**Listed entries**

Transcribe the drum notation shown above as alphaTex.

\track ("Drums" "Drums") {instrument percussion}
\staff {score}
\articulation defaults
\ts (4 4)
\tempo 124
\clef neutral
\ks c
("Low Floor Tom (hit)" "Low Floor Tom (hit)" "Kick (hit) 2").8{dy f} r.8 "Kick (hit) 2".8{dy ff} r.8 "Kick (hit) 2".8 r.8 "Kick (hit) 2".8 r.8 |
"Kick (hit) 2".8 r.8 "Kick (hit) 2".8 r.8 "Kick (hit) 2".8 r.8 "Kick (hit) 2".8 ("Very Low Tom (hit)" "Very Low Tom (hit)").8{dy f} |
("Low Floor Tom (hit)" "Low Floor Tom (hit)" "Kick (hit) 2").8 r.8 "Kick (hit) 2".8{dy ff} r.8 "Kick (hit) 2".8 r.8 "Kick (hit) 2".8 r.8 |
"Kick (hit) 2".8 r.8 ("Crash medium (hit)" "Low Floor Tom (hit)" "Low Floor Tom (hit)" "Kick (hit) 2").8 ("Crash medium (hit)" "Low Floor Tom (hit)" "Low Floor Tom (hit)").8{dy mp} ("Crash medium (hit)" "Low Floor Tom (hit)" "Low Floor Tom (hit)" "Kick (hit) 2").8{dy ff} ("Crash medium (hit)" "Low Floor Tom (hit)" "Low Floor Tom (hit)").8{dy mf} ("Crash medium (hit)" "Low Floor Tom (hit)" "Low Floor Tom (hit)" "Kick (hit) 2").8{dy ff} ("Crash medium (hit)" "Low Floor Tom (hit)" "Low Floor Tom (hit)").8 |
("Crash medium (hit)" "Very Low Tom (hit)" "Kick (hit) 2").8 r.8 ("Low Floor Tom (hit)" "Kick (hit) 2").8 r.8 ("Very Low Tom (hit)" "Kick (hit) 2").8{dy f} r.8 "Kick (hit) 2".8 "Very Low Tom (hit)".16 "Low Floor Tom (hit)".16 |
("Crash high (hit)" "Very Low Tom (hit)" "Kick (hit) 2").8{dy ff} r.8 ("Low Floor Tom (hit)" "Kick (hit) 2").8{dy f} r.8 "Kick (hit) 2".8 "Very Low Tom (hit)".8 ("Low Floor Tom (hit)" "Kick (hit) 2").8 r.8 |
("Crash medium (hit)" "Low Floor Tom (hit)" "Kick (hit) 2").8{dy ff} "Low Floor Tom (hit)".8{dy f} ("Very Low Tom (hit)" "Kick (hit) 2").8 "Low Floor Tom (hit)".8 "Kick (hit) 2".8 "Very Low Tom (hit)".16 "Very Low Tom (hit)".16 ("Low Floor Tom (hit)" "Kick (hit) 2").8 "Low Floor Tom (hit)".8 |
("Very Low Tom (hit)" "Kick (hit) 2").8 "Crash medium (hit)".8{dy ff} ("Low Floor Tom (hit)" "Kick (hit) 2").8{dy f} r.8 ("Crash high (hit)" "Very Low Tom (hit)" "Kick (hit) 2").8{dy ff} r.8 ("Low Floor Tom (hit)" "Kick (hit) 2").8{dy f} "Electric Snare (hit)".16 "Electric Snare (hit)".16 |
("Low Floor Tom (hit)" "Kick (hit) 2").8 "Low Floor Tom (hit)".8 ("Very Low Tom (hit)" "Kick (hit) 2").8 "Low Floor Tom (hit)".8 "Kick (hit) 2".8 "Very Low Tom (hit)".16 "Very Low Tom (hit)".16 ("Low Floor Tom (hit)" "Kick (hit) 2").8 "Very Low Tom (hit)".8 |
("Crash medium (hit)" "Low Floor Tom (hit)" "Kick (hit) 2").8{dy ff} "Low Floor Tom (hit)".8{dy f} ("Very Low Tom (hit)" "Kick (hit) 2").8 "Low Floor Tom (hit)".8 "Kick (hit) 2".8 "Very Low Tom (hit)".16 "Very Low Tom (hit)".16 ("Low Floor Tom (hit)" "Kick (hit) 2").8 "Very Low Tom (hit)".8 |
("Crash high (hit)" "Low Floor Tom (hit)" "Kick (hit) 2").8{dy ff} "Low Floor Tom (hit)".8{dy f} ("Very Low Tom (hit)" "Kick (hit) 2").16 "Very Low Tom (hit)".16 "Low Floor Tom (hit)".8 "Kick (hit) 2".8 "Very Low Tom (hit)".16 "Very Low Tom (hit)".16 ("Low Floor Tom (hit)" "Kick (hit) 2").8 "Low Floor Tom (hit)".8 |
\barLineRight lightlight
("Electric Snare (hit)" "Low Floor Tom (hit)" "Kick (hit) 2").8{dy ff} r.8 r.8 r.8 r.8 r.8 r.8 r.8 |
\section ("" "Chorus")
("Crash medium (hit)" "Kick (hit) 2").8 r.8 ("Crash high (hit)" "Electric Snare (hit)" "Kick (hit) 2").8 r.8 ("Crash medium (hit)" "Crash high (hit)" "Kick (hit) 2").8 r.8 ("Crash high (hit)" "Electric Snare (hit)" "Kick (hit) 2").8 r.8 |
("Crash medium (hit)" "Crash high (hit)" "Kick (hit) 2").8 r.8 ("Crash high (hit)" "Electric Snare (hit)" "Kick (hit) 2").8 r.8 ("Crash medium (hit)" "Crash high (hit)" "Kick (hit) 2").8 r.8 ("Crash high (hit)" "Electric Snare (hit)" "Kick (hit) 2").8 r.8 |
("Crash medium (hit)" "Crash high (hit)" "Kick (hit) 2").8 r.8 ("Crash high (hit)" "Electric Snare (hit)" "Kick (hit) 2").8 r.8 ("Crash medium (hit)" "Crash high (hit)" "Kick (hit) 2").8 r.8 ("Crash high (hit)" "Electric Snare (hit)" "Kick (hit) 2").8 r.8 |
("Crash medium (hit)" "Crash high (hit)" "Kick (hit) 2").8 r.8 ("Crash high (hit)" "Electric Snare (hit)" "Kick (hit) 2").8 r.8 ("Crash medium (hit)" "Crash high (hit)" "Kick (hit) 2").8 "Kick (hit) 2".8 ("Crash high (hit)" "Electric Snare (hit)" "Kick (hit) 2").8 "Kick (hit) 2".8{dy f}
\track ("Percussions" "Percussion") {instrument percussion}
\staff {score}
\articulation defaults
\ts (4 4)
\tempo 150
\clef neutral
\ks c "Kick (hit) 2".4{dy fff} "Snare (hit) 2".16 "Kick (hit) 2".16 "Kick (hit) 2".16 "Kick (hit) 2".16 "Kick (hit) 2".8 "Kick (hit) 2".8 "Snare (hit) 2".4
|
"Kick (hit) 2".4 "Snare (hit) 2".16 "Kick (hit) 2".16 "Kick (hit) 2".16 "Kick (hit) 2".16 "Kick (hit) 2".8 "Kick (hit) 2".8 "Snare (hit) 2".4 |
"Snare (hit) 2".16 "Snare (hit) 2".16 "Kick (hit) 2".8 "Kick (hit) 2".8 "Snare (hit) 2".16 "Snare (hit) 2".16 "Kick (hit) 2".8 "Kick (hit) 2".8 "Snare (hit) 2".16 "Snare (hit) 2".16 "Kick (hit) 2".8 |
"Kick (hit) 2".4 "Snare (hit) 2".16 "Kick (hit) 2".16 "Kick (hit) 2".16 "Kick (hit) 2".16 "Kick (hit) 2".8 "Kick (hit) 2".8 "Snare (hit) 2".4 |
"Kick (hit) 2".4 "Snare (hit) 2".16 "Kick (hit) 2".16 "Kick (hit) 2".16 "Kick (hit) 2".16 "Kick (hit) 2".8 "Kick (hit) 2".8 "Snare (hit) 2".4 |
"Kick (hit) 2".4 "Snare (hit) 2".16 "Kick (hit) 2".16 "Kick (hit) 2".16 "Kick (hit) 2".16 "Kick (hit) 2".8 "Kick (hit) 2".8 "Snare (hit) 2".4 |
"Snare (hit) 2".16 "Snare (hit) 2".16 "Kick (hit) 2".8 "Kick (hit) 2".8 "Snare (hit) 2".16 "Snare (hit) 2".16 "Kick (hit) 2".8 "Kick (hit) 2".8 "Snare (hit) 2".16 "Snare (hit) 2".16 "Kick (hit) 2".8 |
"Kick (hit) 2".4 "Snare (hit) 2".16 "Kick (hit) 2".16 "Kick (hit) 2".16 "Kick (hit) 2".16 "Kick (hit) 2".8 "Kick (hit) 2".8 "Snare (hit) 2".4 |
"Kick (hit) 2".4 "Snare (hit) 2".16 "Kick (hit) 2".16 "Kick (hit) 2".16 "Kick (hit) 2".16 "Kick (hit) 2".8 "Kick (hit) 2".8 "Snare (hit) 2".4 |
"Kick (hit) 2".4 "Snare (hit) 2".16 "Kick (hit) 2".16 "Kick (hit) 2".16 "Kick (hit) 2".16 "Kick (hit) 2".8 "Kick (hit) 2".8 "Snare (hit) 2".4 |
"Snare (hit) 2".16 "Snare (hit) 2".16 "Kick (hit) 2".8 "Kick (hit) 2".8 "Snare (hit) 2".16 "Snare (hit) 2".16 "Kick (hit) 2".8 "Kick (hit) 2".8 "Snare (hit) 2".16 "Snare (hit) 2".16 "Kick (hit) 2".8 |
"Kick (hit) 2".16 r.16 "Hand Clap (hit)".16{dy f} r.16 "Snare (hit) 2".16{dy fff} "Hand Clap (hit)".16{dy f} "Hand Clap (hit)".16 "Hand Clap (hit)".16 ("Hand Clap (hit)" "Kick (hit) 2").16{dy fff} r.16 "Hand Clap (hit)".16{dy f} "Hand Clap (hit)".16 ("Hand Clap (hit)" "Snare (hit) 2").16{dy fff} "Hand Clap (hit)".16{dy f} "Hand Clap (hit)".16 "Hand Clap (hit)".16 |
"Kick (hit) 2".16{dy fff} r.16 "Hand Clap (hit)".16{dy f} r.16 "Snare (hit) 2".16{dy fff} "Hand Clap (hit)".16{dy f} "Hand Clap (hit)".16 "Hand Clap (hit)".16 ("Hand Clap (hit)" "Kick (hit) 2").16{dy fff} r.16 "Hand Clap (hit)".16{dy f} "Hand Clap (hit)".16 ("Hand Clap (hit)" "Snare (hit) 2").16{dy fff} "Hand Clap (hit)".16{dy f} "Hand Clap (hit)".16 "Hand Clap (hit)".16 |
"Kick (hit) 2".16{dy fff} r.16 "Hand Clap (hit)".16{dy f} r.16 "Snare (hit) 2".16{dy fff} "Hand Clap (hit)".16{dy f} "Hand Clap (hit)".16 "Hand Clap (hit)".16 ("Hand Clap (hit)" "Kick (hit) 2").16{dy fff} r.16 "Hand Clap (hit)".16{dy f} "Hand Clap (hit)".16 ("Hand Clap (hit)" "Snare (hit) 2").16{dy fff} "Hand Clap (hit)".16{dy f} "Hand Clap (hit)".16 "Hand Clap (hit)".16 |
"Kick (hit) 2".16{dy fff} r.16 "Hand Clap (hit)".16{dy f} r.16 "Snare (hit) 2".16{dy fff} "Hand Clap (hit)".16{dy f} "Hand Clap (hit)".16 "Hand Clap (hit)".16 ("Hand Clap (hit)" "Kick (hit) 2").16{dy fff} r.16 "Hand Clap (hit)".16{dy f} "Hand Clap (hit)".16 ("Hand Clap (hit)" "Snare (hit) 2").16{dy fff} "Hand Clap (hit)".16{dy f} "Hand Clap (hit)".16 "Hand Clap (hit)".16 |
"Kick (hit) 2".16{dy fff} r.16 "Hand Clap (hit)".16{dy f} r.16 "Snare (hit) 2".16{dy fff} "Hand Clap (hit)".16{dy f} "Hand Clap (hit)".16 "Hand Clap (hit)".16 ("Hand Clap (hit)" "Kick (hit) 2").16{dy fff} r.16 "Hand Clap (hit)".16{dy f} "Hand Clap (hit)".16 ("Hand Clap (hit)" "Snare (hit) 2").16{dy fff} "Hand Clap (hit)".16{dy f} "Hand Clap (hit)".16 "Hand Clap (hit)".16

**Task objective**
The lines you need are those with the word "track"; list them from the entries.

**Final answer**
\track ("Drums" "Drums") {instrument percussion}
\track ("Percussions" "Percussion") {instrument percussion}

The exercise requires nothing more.